PPF Update: The Public Provident Fund is one of the very few investment options that enjoy the perks of the government’s triple tax exemptions, also known as the exempt-exempt-exempt (EEE) status. Under this, beneficiaries get tax exemptions thrice, that is, during the time of investment, accrual, and withdrawal. PPF account holders, under the EEE rule, get income tax exemptions of up to Rs 1.5 lakh per annum. Under Section 80C of the Income-tax Act, 1961, the interest rate earned each year is also exempt from any levy and one can also withdraw the matured amount without being taxed. However, one should also note that one individual cannot open more than one PPF account and also cannot invest more than Rs 1.5 lakh in that account in a particular year.

The Institute of Chartered Accountants of India, or ICAI, has in its pre budget memorandum sent recommendations regarding the Public Provident Fund scheme. Under this, the ICAI has said that the maximum annual limit for PPF deposits should be increased. They have demanded that the deposit limit must be increased to Rs 3 lakh. The top organisation said that the present limit of Rs 1.5 lakh to deposit money in the PPF accounts has not been changed for several years.

How to Double Your PPF Investment Yearly?

Till the change gets considered by the government, there is indeed a way to double your PPF income. A married man can double his investment by opening a PPF account in the name of his wife, and thereby invest Rs 3 lakh per annum instead of Rs 1.5 lakh. However, the overall income tax exemption under Section 80c will be capped at Rs 1.5 lakh per annum, according to the rules.

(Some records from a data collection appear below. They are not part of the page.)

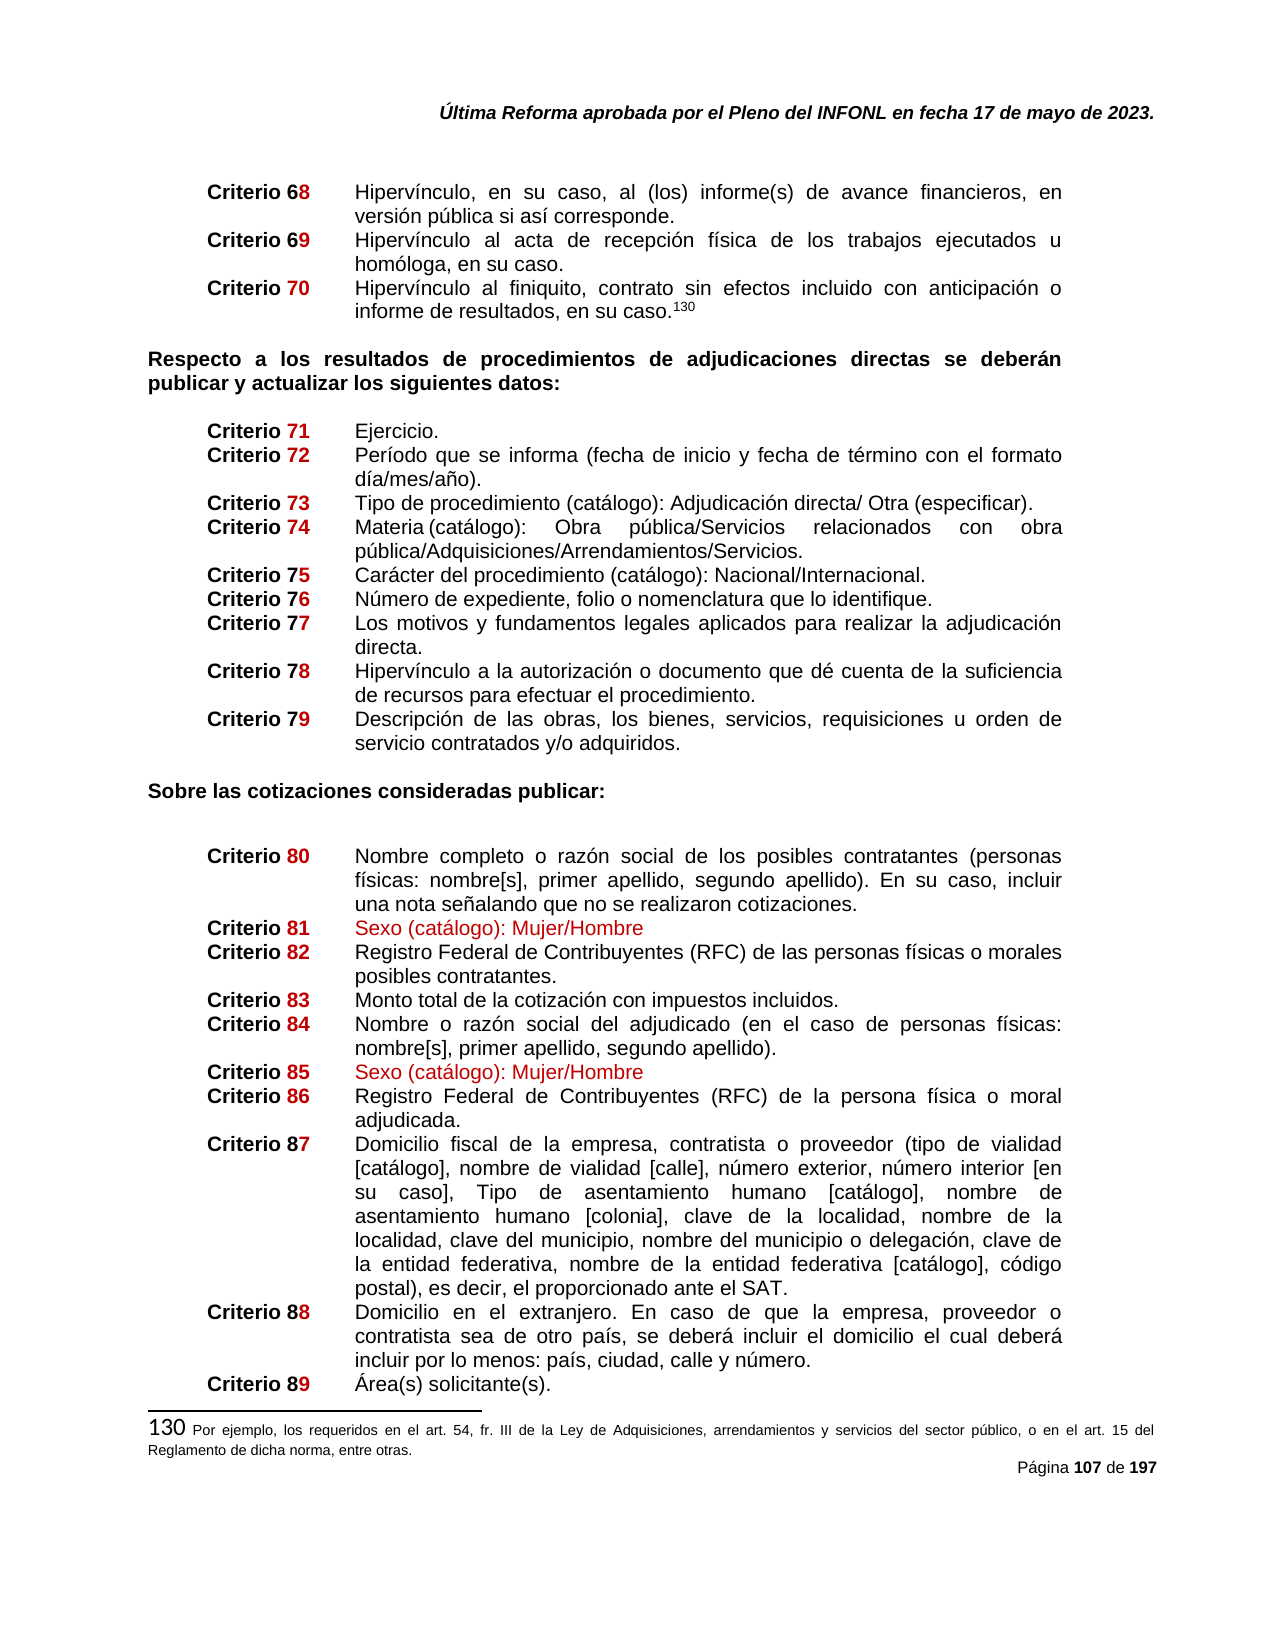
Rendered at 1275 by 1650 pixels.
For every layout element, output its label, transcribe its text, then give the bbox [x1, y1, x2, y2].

text Por ejemplo, los requeridos en el art. 54, fr. III de la Ley de Adquisiciones, arrendamientos y servicios del sector público, o en el art. 15 del Reglamento de dicha norma, entre otras. [148, 1411, 1157, 1458]
text Criterio 80 Nombre completo o razón social de los posibles contratantes (personas físicas: nombre[s], primer apellido, segundo apellido). En su caso, incluir una nota señalando que no se realizaron cotizaciones. [207, 844, 1063, 916]
text Criterio 69 Hipervínculo al acta de recepción física de los trabajos ejecutados u homóloga, en su caso. [207, 227, 1063, 275]
text Criterio 84 Nombre o razón social del adjudicado (en el caso de personas físicas: nombre[s], primer apellido, segundo apellido). [207, 1012, 1063, 1060]
text Criterio 71 Ejercicio. [207, 419, 1063, 443]
text Criterio 70 Hipervínculo al finiquito, contrato sin efectos incluido con anticipación o informe de resultados, en su caso. [207, 275, 1063, 323]
text Criterio 85 Sexo (catálogo): Mujer/Hombre [207, 1060, 1063, 1084]
text Criterio 75 Carácter del procedimiento (catálogo): Nacional/Internacional. [207, 563, 1063, 587]
text Respecto a los resultados de procedimientos de adjudicaciones directas se deberán publicar y actualizar los siguientes datos: [148, 347, 1063, 395]
text Criterio 81 Sexo (catálogo): Mujer/Hombre [207, 916, 1063, 940]
text Criterio 74 Materia (catálogo): Obra pública/Servicios relacionados con obra pública/Adquisiciones/Arrendamientos/Servicios. [207, 515, 1063, 563]
text Criterio 89 Área(s) solicitante(s). [207, 1371, 1063, 1395]
text Criterio 88 Domicilio en el extranjero. En caso de que la empresa, proveedor o contratista sea de otro país, se deberá incluir el domicilio el cual deberá incluir por lo menos: país, ciudad, calle y número. [207, 1299, 1063, 1371]
text Criterio 87 Domicilio fiscal de la empresa, contratista o proveedor (tipo de vialidad [catálogo], nombre de vialidad [calle], número exterior, número interior [en su caso], Tipo de asentamiento humano [catálogo], nombre de asentamiento humano [colonia], clave de la localidad, nombre de la localidad, clave del municipio, nombre del municipio o delegación, clave de la entidad federativa, nombre de la entidad federativa [catálogo], código postal), es decir, el proporcionado ante el SAT. [207, 1132, 1063, 1299]
text Criterio 68 Hipervínculo, en su caso, al (los) informe(s) de avance financieros, en versión pública si así corresponde. [207, 179, 1063, 227]
text Criterio 72 Período que se informa (fecha de inicio y fecha de término con el formato día/mes/año). [207, 443, 1063, 491]
text Sobre las cotizaciones consideradas publicar: [148, 778, 1063, 802]
text Criterio 82 Registro Federal de Contribuyentes (RFC) de las personas físicas o morales posibles contratantes. [207, 940, 1063, 988]
text Criterio 79 Descripción de las obras, los bienes, servicios, requisiciones u orden de servicio contratados y/o adquiridos. [207, 707, 1063, 754]
text Criterio 83 Monto total de la cotización con impuestos incluidos. [207, 988, 1063, 1012]
text Criterio 73 Tipo de procedimiento (catálogo): Adjudicación directa/ Otra (especificar). [207, 491, 1063, 515]
text Criterio 76 Número de expediente, folio o nomenclatura que lo identifique. [207, 587, 1063, 611]
text Criterio 86 Registro Federal de Contribuyentes (RFC) de la persona física o moral adjudicada. [207, 1084, 1063, 1132]
text Criterio 77 Los motivos y fundamentos legales aplicados para realizar la adjudicación directa. [207, 611, 1063, 659]
text Criterio 78 Hipervínculo a la autorización o documento que dé cuenta de la suficiencia de recursos para efectuar el procedimiento. [207, 659, 1063, 707]
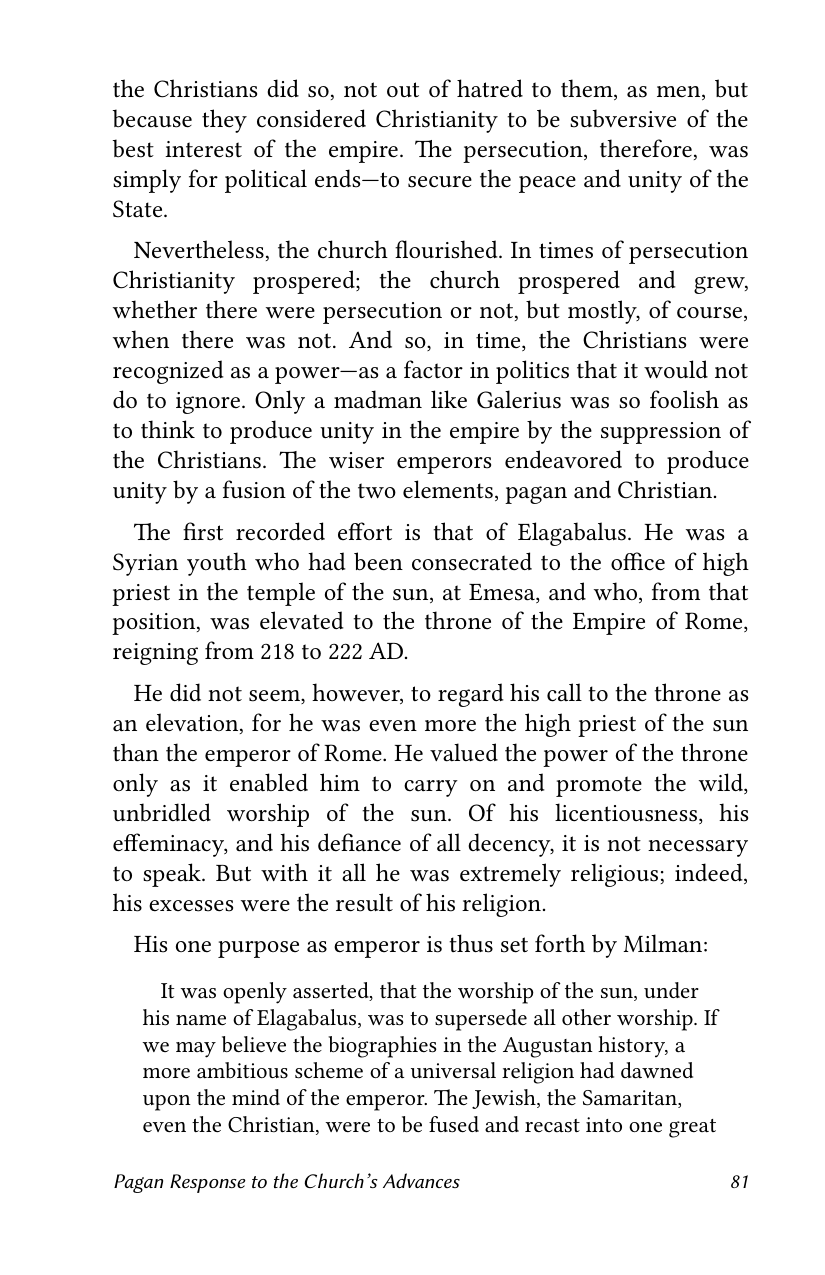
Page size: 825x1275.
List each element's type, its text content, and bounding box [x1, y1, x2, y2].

text the Christians did so, not out of hatred to them, as men, but because they considered Christianity to be subversive of the best interest of the empire. The persecution, therefore, was simply for political ends—to secure the peace and unity of the State. [112, 75, 750, 223]
text Nevertheless, the church flourished. In times of persecution Christianity prospered; the church prospered and grew, whether there were persecution or not, but mostly, of course, when there was not. And so, in time, the Christians were recognized as a power—as a factor in politics that it would not do to ignore. Only a madman like Galerius was so foolish as to think to produce unity in the empire by the suppression of the Christians. The wiser emperors endeavored to produce unity by a fusion of the two elements, pagan and Christian. [112, 237, 750, 504]
text It was openly asserted, that the worship of the sun, under his name of Elagabalus, was to supersede all other worship. If we may believe the biographies in the Augustan history, a more ambitious scheme of a universal religion had dawned upon the mind of the emperor. The Jewish, the Samaritan, even the Christian, were to be fused and recast into one great [142, 978, 720, 1138]
text He did not seem, however, to regard his call to the throne as an elevation, for he was even more the high priest of the sun than the emperor of Rome. He valued the power of the throne only as it enabled him to carry on and promote the wild, unbridled worship of the sun. Of his licentiousness, his effeminacy, and his defiance of all decency, it is not necessary to speak. But with it all he was extremely religious; indeed, his excesses were the result of his religion. [112, 679, 750, 917]
text The first recorded effort is that of Elagabalus. He was a Syrian youth who had been consecrated to the office of high priest in the temple of the sun, at Emesa, and who, from that position, was elevated to the throne of the Empire of Rome, reigning from 218 to 222 AD. [112, 518, 750, 666]
text His one purpose as emperor is thus set forth by Milman: [112, 931, 750, 959]
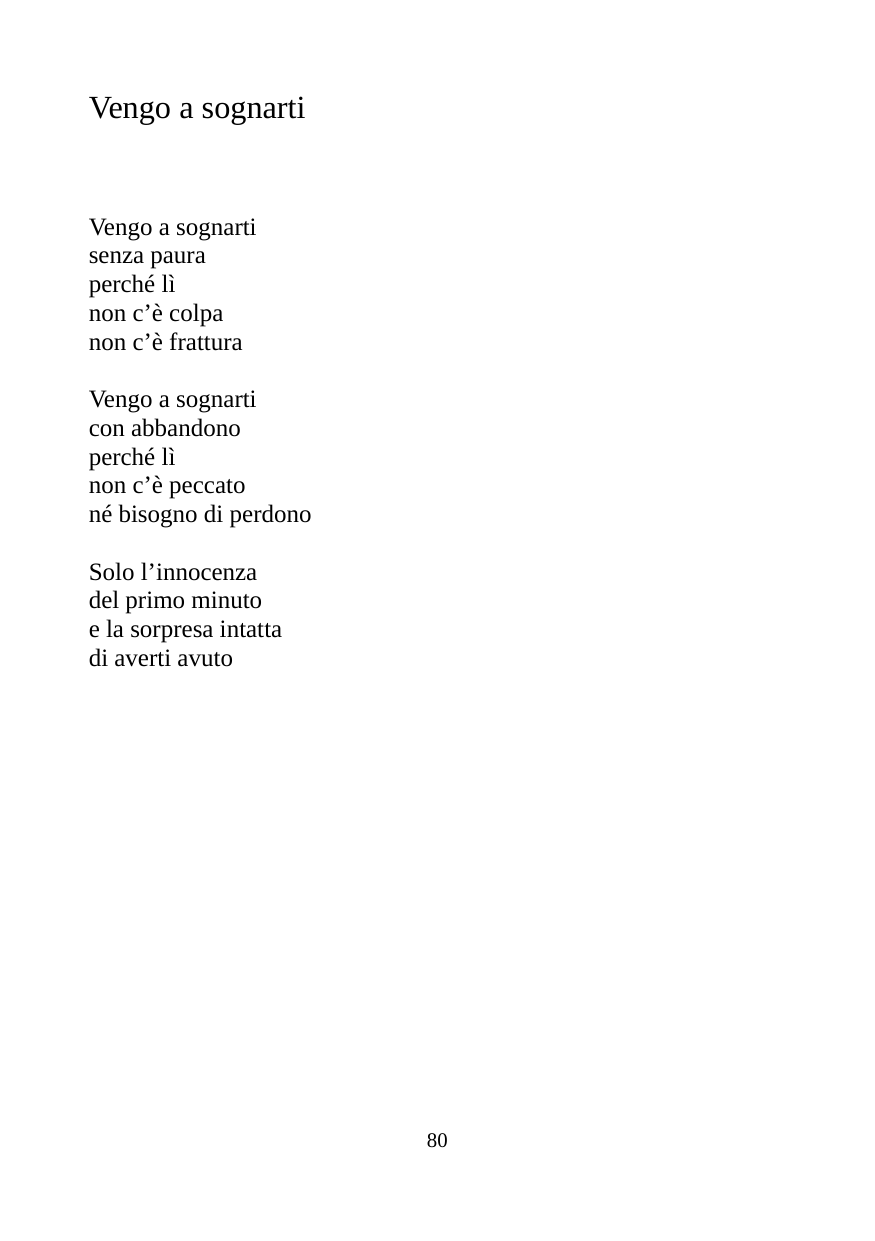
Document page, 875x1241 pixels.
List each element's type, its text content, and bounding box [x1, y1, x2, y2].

text senza paura [88, 241, 786, 269]
text di averti avuto [88, 643, 786, 672]
text non c’è peccato [88, 471, 786, 499]
text con abbandono [88, 413, 786, 442]
text non c’è frattura [88, 327, 786, 356]
subtitle Vengo a sognarti [88, 88, 786, 126]
text né bisogno di perdono [88, 499, 786, 528]
text Vengo a sognarti [88, 384, 786, 413]
text e la sorpresa intatta [88, 614, 786, 643]
text Solo l’innocenza [88, 557, 786, 586]
text del primo minuto [88, 586, 786, 614]
text perché lì [88, 269, 786, 298]
text non c’è colpa [88, 298, 786, 327]
text Vengo a sognarti [88, 212, 786, 241]
text perché lì [88, 442, 786, 471]

The source of the investment would in this case be with the husband if he opens a PPF account with his wife’s name. This means that the interest earned in this account will get clubbed with husband’s income. Since the interest earned in PPF account is tax exempted, this will hold true in both the cases.

In case you want to merge your PPF accounts and have not exceeded the annual limit,  have an option to retain the PPF account of your choice. If both the accounts are held in the same operating agency, the transfer process becomes easier.

Such an investment is advisable for those who have low risk appetite but wants to make an investment. Risk assets are typically market-linked investment tools like mutual funds, stocks, NPS, etc.

PPF is the only safe and tax-efficient savings scheme which is made available to self-employed persons as well as salaried individuals. It has an interest rate of 7.1 per cent, which comes just behind EPF and Sukanya Samriddhi Yojana schemes of the government.

The Public Provident Fund or PPF is one of the most popular, long term investment options in India. It is a retirement savings policy provided by the Indian government to create long term wealth for investors post retirement. Introduced in 1968 by the Ministry of Finance’s National Savings Institute, PPF has become a powerful tool for Indians wherein they can enjoy tax benefits. The scheme has emerged as one of the most sought-after investment options due to the safety, returns and tax benefits it offers.

This government-backed scheme is a form of a small savings policy and ensures to provide assured returns at the time of its maturity, which makes it so loved among investors.